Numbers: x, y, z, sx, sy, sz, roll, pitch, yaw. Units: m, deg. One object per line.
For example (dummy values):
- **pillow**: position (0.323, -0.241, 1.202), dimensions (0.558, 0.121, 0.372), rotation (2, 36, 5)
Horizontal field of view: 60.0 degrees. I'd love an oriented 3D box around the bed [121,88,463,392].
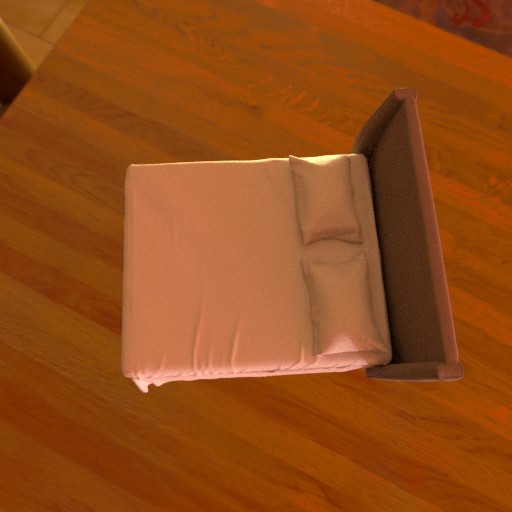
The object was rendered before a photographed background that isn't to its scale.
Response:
- **bed**: position (0.000, 0.000, 3.351), dimensions (2.276, 1.332, 1.925), rotation (-3, 75, -1)

Work task
Skipping any pictures, transcribe the full listing exactly.

Result for this task
Numbers: x, y, z, sx, sy, sz, roll, pitch, yaw. Units: m, deg. One object per line.
For example (dummy values):
- **pillow**: position (0.323, -0.241, 1.202), dimensions (0.558, 0.121, 0.372), rotation (2, 36, 5)
Horizontal field of view: 60.0 degrees. I'd love an oriented 3D box around the bed [121,88,463,392].
The object was rendered before a photographed background that isn't to its scale.
Response:
- **bed**: position (0.000, 0.000, 3.351), dimensions (2.276, 1.332, 1.925), rotation (-3, 75, -1)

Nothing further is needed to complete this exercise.